PRÉ-TRATAMENTO: UMA PEDRA NO SAPATO
Em todas as plantas de etanol celulósico o pré-tratamento tem sido o grande gargalo da produção. No início, o procedimento era considerado somente uma simples etapa. No entanto, as maiores produtoras desta geração do combustível têm encontrado dificuldades nessa fase de produção. O desenvolvimento da técnica de produção de etanol celulósico em escala industrial teve avanços muito significativos nos últimos anos. Uma das maiores produtoras de etanol dos EUA, a Poet, através de sua subsidiaria, a Poet- DSM, que opera uma instalação de produção de etanol celulósico em escala industrial no estado americano de Iowa, anunciou que, finalmente, conseguiu realizar o pré-tratamento da biomassa (no caso deles resíduos de milho) em escala real e funcionando 24 horas por dia.

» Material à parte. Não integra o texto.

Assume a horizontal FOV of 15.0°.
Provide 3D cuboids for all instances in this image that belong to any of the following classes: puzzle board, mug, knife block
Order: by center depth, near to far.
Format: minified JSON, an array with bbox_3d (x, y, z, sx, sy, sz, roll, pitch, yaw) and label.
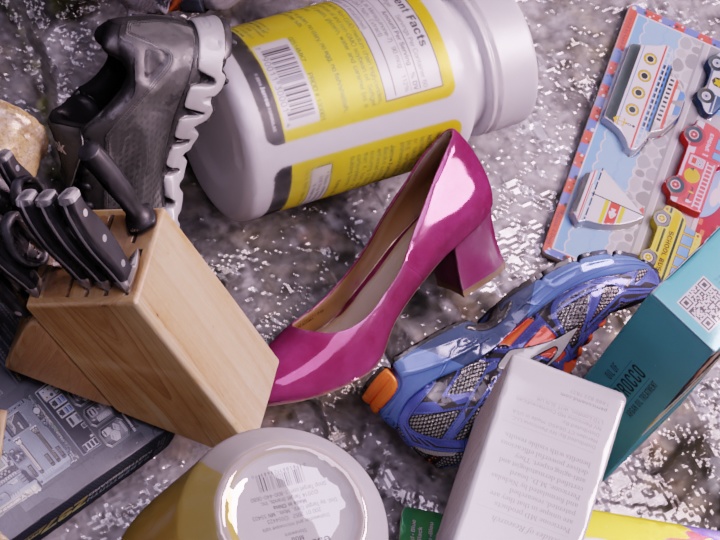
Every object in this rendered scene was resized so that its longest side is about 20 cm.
[{"bbox_3d":[-0.118,0.010,1.467,0.200,0.176,0.064,23,59,-12],"label":"knife block"},{"bbox_3d":[-0.061,0.172,1.478,0.149,0.153,0.187,30,62,-1],"label":"mug"},{"bbox_3d":[0.213,-0.064,1.739,0.151,0.017,0.200,24,61,-3],"label":"puzzle board"}]

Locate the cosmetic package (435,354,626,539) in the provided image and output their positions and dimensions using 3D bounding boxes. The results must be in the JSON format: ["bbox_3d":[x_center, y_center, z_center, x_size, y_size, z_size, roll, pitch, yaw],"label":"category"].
[{"bbox_3d":[0.077,0.160,1.497,0.071,0.101,0.200,21,65,-1],"label":"cosmetic package"}]

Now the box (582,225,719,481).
[{"bbox_3d":[0.177,0.046,1.573,0.049,0.200,0.082,44,63,8],"label":"box"}]

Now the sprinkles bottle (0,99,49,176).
[{"bbox_3d":[-0.229,0.002,1.503,0.068,0.068,0.200,18,63,-6],"label":"sprinkles bottle"}]

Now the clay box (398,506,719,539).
[{"bbox_3d":[0.120,0.196,1.574,0.200,0.048,0.115,10,64,-11],"label":"clay box"}]

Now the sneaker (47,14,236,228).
[{"bbox_3d":[-0.143,-0.059,1.563,0.090,0.200,0.066,11,18,-26],"label":"sneaker"}]

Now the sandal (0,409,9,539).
[{"bbox_3d":[-0.184,0.165,1.427,0.070,0.078,0.212,8,52,-7],"label":"sandal"}]

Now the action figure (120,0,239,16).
[{"bbox_3d":[-0.053,-0.185,1.609,0.193,0.105,0.200,-18,37,-17],"label":"action figure"}]

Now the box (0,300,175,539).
[{"bbox_3d":[-0.224,0.059,1.545,0.158,0.051,0.200,-36,79,-26],"label":"box"}]

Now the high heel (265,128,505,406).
[{"bbox_3d":[0.000,0.000,1.597,0.200,0.067,0.096,-30,118,-21],"label":"high heel"}]

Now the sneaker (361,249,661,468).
[{"bbox_3d":[0.098,0.053,1.630,0.200,0.075,0.078,-29,84,-17],"label":"sneaker"}]

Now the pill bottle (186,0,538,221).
[{"bbox_3d":[-0.001,-0.109,1.648,0.200,0.114,0.114,-17,71,-22],"label":"pill bottle"}]
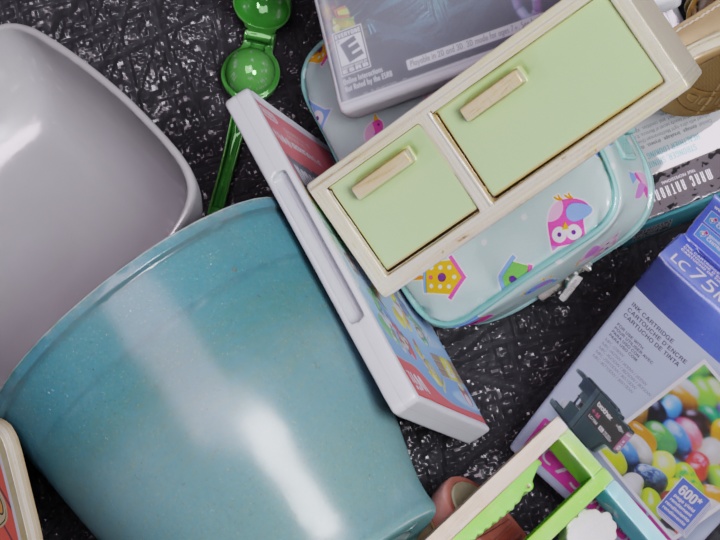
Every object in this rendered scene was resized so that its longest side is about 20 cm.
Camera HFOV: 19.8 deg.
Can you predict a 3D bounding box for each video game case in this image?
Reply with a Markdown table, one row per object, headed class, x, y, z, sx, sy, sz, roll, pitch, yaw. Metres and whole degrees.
| class | x | y | z | sx | sy | sz | roll | pitch | yaw |
| --- | --- | --- | --- | --- | --- | --- | --- | --- | --- |
| video game case | 0.060 | -0.201 | 1.142 | 0.199 | 0.023 | 0.183 | -18 | 76 | 19 |
| video game case | 0.000 | 0.000 | 1.148 | 0.017 | 0.143 | 0.201 | -32 | 71 | 10 |

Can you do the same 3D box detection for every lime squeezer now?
| class | x | y | z | sx | sy | sz | roll | pitch | yaw |
| --- | --- | --- | --- | --- | --- | --- | --- | --- | --- |
| lime squeezer | -0.062 | -0.132 | 1.233 | 0.037 | 0.071 | 0.202 | 8 | 109 | -11 |

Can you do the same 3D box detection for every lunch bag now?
| class | x | y | z | sx | sy | sz | roll | pitch | yaw |
| --- | --- | --- | --- | --- | --- | --- | --- | --- | --- |
| lunch bag | 0.071 | -0.074 | 1.180 | 0.160 | 0.077 | 0.201 | -33 | 75 | 19 |

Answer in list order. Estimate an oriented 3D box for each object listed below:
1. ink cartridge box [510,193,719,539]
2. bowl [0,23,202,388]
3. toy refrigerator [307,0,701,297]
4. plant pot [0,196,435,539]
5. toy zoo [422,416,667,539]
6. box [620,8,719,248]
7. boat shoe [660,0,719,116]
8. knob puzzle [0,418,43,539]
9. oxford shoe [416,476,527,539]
| class | x | y | z | sx | sy | sz | roll | pitch | yaw |
| --- | --- | --- | --- | --- | --- | --- | --- | --- | --- |
| ink cartridge box | 0.178 | 0.068 | 1.124 | 0.119 | 0.042 | 0.200 | 42 | 126 | 11 |
| bowl | -0.199 | -0.020 | 1.194 | 0.200 | 0.075 | 0.200 | -46 | 63 | -7 |
| toy refrigerator | 0.075 | -0.074 | 1.088 | 0.199 | 0.070 | 0.076 | -34 | 92 | 20 |
| plant pot | -0.064 | 0.096 | 1.110 | 0.200 | 0.200 | 0.188 | -37 | 77 | -5 |
| toy zoo | 0.127 | 0.195 | 1.113 | 0.131 | 0.020 | 0.200 | -39 | 85 | -25 |
| box | 0.155 | -0.123 | 1.222 | 0.082 | 0.049 | 0.201 | -21 | 78 | -1 |
| boat shoe | 0.221 | -0.148 | 1.185 | 0.199 | 0.074 | 0.069 | -25 | 66 | -39 |
| knob puzzle | -0.239 | 0.135 | 1.131 | 0.030 | 0.220 | 0.220 | -22 | 73 | -43 |
| oxford shoe | 0.089 | 0.214 | 1.159 | 0.074 | 0.071 | 0.201 | -39 | 82 | 26 |

De acordo com informações, eles pretendem licenciar a tecnologia para que interessados possam usufruir do conhecimento que, segundo a empresa, seria capaz de eliminar um enorme obstáculo na produção do E2G, pois o material convenientemente pré-tratado permite a ação eficiente das enzimas que promovem a “desconstrução” das fibras da biomassa com a liberação dos açúcares que serão fermentados.

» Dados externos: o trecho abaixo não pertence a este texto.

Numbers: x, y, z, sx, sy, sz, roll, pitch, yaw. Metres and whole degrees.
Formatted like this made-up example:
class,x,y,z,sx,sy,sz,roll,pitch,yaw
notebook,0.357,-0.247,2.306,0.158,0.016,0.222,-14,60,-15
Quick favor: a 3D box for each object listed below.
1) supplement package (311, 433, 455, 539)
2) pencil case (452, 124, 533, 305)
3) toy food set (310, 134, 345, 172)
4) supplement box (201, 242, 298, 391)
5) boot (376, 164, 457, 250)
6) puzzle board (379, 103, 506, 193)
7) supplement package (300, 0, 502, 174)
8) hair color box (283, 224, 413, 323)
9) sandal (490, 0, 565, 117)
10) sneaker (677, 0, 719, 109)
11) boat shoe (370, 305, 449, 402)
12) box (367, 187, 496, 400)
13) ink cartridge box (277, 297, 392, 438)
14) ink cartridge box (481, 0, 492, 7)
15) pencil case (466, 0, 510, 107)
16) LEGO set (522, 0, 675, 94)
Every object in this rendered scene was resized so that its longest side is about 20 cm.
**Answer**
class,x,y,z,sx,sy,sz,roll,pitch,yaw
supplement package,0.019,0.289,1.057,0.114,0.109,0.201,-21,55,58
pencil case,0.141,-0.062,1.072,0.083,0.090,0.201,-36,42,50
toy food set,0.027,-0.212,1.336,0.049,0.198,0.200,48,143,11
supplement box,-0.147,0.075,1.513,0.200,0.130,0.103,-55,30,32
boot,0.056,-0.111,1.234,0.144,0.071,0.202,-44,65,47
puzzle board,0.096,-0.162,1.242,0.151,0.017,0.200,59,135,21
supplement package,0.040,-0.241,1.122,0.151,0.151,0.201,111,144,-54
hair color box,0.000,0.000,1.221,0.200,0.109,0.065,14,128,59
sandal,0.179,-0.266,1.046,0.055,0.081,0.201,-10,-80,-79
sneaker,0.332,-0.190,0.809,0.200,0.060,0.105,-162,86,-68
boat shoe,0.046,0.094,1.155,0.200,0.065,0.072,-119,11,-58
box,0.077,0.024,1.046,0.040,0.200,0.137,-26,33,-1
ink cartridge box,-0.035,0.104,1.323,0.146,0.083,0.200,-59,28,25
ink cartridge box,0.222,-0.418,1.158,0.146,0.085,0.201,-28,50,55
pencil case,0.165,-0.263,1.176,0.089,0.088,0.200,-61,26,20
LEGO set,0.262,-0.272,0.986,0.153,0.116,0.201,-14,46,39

Para Jaime Finguerut, engenheiro químico e diretor do ITC (Instituto de Tecnologia Canavieira), o grande desafio é fabricar o etanol celulósico de forma viável economicamente, ou seja, de forma competitiva em relação ao etanol feito das matérias-primas convencionais como dos açúcares solúveis da cana ou do amido de cereais, como o milho. “Estas tecnologias estão maduras, totalmente disponíveis e evoluíram muito nos últimos 40 anos.”

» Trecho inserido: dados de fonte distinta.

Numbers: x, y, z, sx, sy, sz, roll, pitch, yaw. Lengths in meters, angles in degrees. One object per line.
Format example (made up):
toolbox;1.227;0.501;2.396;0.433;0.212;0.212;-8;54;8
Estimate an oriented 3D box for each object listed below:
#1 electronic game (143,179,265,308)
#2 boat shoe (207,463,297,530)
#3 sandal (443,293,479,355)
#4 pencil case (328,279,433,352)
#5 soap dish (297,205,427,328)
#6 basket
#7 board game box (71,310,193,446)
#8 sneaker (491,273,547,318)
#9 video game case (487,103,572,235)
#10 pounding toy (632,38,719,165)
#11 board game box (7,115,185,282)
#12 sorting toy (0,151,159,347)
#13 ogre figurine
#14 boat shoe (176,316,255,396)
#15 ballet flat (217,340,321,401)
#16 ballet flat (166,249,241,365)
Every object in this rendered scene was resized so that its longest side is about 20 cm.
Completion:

Hoje, caso a usina opte por aumentar a produção de etanol através da tecnologia E2G uma grande parte dos equipamentos e infraestrutura da usina atual serão usados de forma sinérgica, inclusive aumentando a eficiência no seu uso por conta da redução das “folgas”. A única adaptação, se é que podemos chama-la assim, enfatiza Finguerut, é que uma parte do potencial de cogeração que as usinas têm e que a maioria ainda não explora adequadamente será usada para fazer etanol e não só exportar eletricidade.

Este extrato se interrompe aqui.